Zina Swanson’s paintings, sculptures, and installations draw on plant-related lore, and while they’re often humorous and uncanny they also hint at a darker view of humanity’s relationship to the natural world. Her paintings are detailed, precise. The visual pleasure of her use of repetition is also undeniable: a silhouette of a head composed of pressed forget me not flowers; a skirting of blades of grass and “fake” four-leaf clovers that rings the gallery; two walls of painted freckled noses appearing to close in on a blooming tiger lily. Though take a step back from this last work, and the noses collectively could be mistaken for a pair of menacing wasp nests. Swanson aims to unsettle. Her practice has an ongoing relationship with several texts including Peter Tompkins and Christopher Bird’s infamous The Secret Life of Plants (1973), Primary Perception: Biocommunication with Plants, Living Foods, and Human Cells (2003) by CIA lie-detector specialist Cleve Backster, and Animal and Plant Lore (1899). What Swanson has in common with these “pioneers” of plant research is an inquisitiveness bordering on suspicion in the beauty, complexity, and potential of plants. Still, there is always a human presence in her works—the outline of a face, noses, a hand—or something that suggests a human has been here: a window, neatly arranged sticks. These works are often smaller in scale, though this is one of their strengths. They’re scaled for an interaction with the viewer that is personal, intimate, and so wonderfully unnerving.

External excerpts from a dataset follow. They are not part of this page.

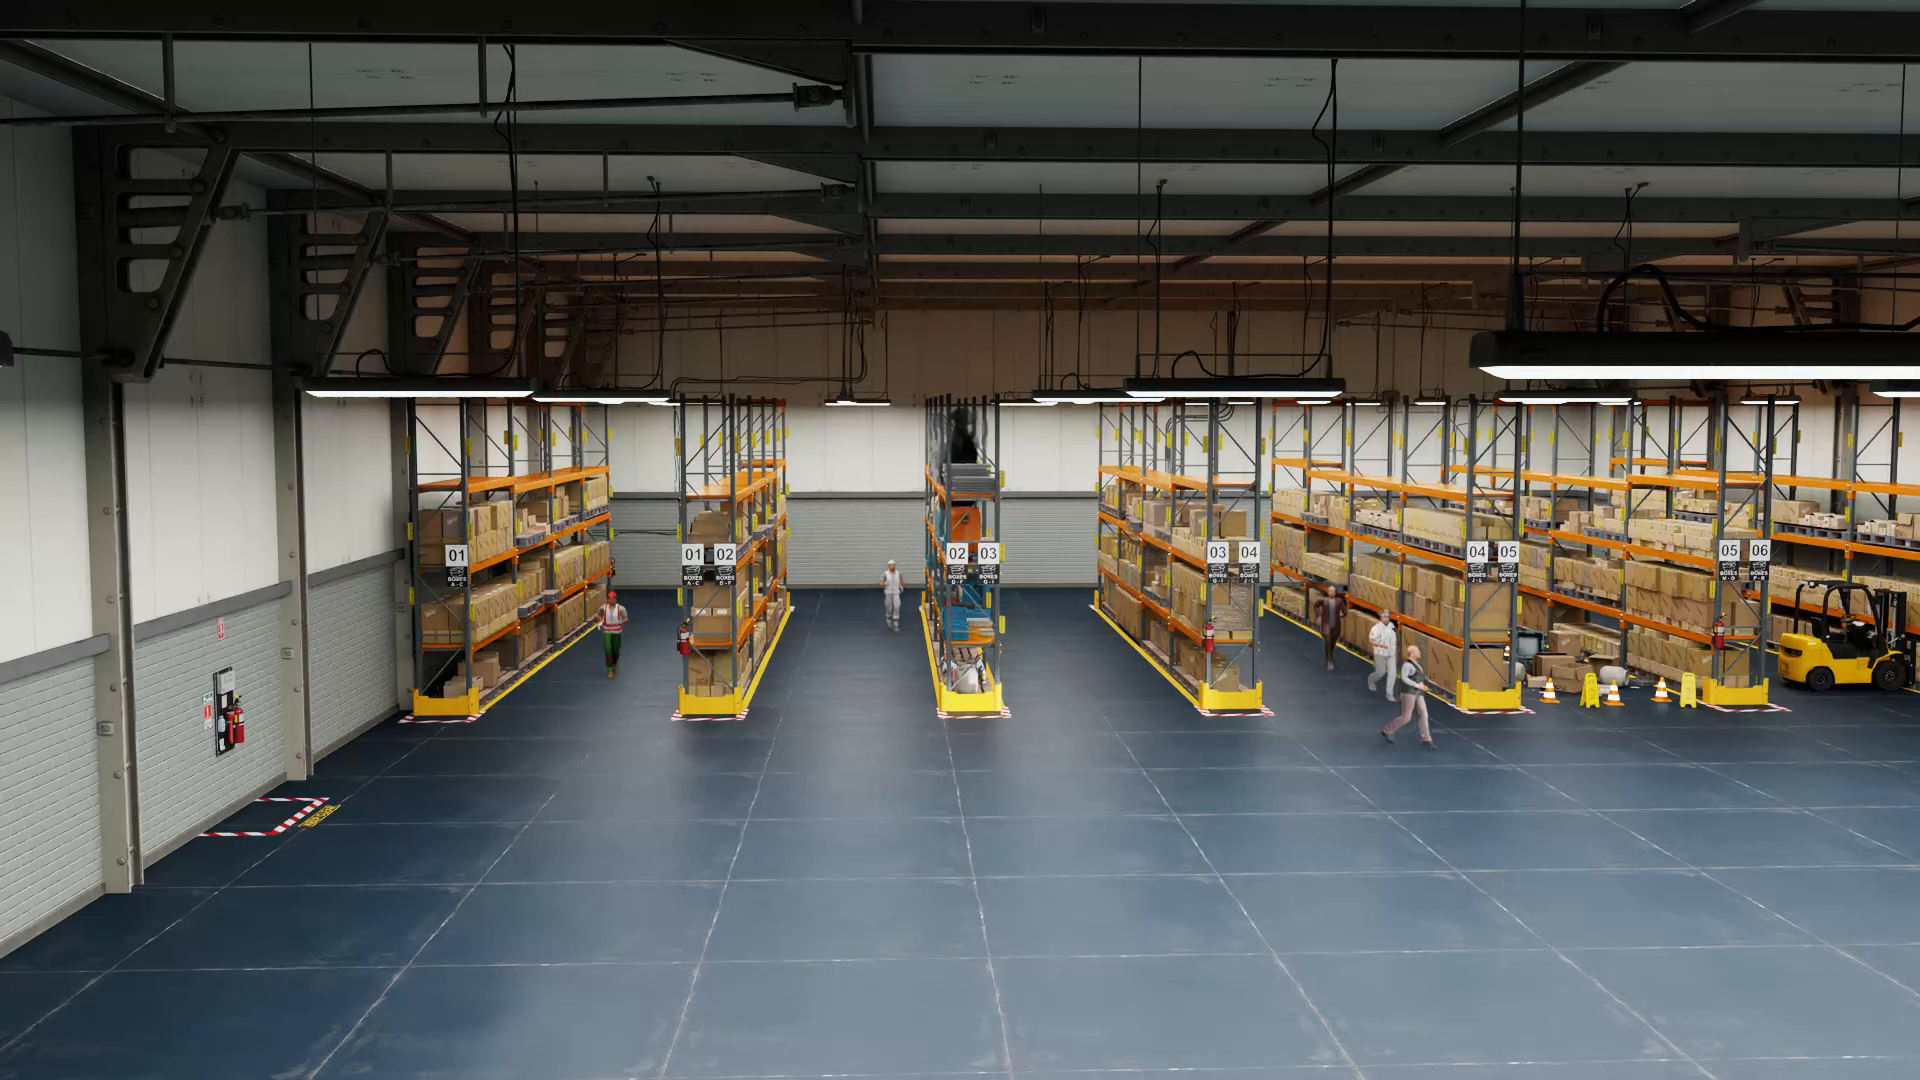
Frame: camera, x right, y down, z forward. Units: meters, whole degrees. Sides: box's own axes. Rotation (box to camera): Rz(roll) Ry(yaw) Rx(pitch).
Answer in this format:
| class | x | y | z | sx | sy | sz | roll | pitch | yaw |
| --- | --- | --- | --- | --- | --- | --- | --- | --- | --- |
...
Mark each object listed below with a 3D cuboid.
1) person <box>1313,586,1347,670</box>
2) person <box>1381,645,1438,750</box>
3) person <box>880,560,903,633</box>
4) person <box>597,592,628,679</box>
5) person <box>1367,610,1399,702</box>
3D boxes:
| class | x | y | z | sx | sy | sz | roll | pitch | yaw |
| --- | --- | --- | --- | --- | --- | --- | --- | --- | --- |
| person | 8.198 | 1.917 | 36.770 | 0.703 | 1.802 | 1.047 | 0 | 5 | 0 |
| person | 7.646 | 2.639 | 28.076 | 0.976 | 1.721 | 0.698 | 3 | 6 | 38 |
| person | -1.754 | 1.426 | 42.859 | 0.643 | 1.829 | 0.850 | -1 | 5 | -10 |
| person | -7.433 | 2.002 | 35.584 | 0.652 | 1.803 | 0.983 | -1 | 5 | -12 |
| person | 8.381 | 2.264 | 32.896 | 0.677 | 1.814 | 0.909 | -1 | 5 | -16 |
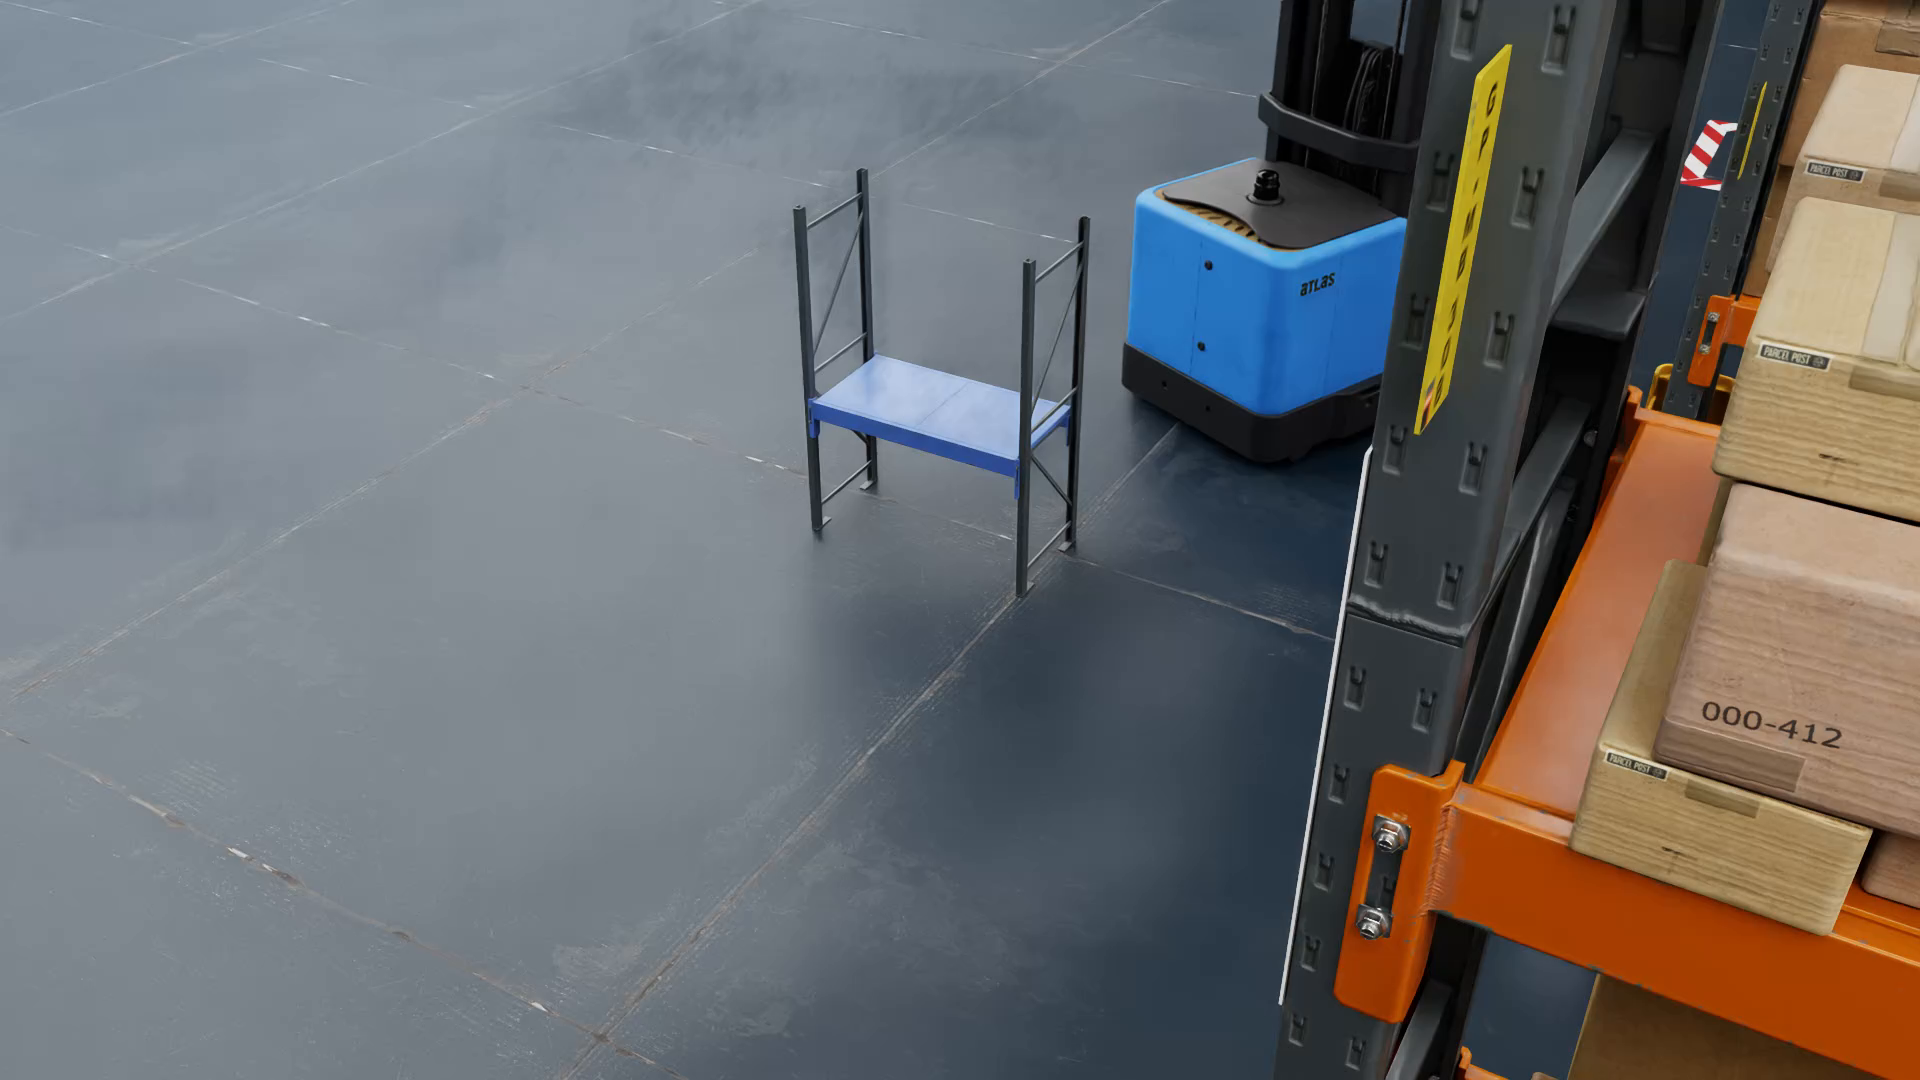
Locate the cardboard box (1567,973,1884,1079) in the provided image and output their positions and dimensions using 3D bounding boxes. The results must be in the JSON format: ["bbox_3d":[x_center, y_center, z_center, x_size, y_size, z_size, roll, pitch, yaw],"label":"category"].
[{"bbox_3d":[1.252,0.554,2.452,0.500,0.500,0.700,17,37,23],"label":"cardboard box"}]

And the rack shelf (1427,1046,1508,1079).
[{"bbox_3d":[2.436,1.949,2.265,4.000,0.370,1.077,18,37,24],"label":"rack shelf"}]

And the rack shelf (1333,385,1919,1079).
[{"bbox_3d":[2.436,0.701,1.434,4.000,0.370,1.077,18,37,24],"label":"rack shelf"}]

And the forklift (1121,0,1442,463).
[{"bbox_3d":[2.291,-2.226,7.948,3.031,2.935,1.130,-22,40,-30],"label":"forklift"}]

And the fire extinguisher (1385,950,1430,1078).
[{"bbox_3d":[0.829,0.879,3.294,0.183,0.674,0.296,18,37,24],"label":"fire extinguisher"}]

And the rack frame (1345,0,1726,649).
[{"bbox_3d":[0.700,-1.397,1.229,0.127,3.000,1.000,18,37,24],"label":"rack frame"}]

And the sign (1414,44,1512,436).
[{"bbox_3d":[0.431,-0.251,1.426,0.005,0.325,0.100,18,37,24],"label":"sign"}]

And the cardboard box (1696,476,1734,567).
[{"bbox_3d":[1.148,-0.081,2.185,0.250,0.149,0.380,18,38,25],"label":"cardboard box"}]

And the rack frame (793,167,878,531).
[{"bbox_3d":[-0.515,-0.788,7.079,0.032,1.500,0.500,18,37,24],"label":"rack frame"}]

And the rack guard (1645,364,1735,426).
[{"bbox_3d":[3.047,-0.276,7.214,0.348,0.500,1.175,18,37,24],"label":"rack guard"}]

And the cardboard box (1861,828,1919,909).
[{"bbox_3d":[1.099,0.233,1.715,0.250,0.149,0.380,16,37,23],"label":"cardboard box"}]

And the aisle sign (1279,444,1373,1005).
[{"bbox_3d":[0.492,0.150,1.973,0.004,0.787,0.394,18,37,24],"label":"aisle sign"}]

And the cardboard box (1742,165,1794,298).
[{"bbox_3d":[3.413,-1.292,6.349,0.550,0.550,0.875,18,37,24],"label":"cardboard box"}]

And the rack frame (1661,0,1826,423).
[{"bbox_3d":[3.068,-1.310,6.511,0.127,3.000,1.000,18,37,24],"label":"rack frame"}]

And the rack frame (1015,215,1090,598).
[{"bbox_3d":[0.367,-0.508,6.660,0.032,1.500,0.500,18,37,24],"label":"rack frame"}]

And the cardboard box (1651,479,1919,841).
[{"bbox_3d":[1.004,0.056,1.620,0.500,0.250,0.500,17,37,24],"label":"cardboard box"}]

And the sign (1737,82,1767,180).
[{"bbox_3d":[2.787,-1.438,5.850,0.005,0.325,0.100,18,37,24],"label":"sign"}]

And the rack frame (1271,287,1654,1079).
[{"bbox_3d":[0.700,1.100,2.892,0.127,3.000,1.000,18,37,24],"label":"rack frame"}]

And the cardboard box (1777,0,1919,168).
[{"bbox_3d":[3.371,-1.701,5.989,0.550,0.550,0.875,18,37,24],"label":"cardboard box"}]

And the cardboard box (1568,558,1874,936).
[{"bbox_3d":[0.827,0.203,1.759,0.250,0.149,0.380,18,38,24],"label":"cardboard box"}]

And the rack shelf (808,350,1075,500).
[{"bbox_3d":[-0.074,-0.498,6.969,1.000,0.185,0.538,18,37,24],"label":"rack shelf"}]

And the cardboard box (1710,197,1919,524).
[{"bbox_3d":[0.907,-0.180,1.615,0.250,0.149,0.380,17,37,24],"label":"cardboard box"}]

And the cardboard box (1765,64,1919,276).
[{"bbox_3d":[1.140,-0.425,1.983,0.250,0.149,0.380,18,38,25],"label":"cardboard box"}]

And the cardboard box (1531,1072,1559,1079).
[{"bbox_3d":[0.973,1.198,2.386,0.500,0.500,0.500,17,37,24],"label":"cardboard box"}]

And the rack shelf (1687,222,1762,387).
[{"bbox_3d":[4.804,-0.461,5.884,4.000,0.370,1.077,18,37,24],"label":"rack shelf"}]

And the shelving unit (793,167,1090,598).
[{"bbox_3d":[-0.074,-0.648,6.870,1.048,1.500,0.538,18,37,24],"label":"shelving unit"}]

Zina Swanson (b. 1981, Christchurch, New Zealand) lives and works in Christchurch, New Zealand. She has exhibited extensively with solo and group presentations at most of New Zealand’s top galleries and museums. These include the Christchurch Art Gallery, Dunedin Public Art Gallery, City Gallery Wellington and Artspace Aotearoa. Her works are also held in the collections of the Wallace Arts Trust, Christchurch Art Gallery, Dunedin Public Art Gallery and The Dowse Art Museum, and she has been the recipient of the prestigious Frances Hodgkins Fellowship, and in 2014 was an Apexart New York Inbound Resident.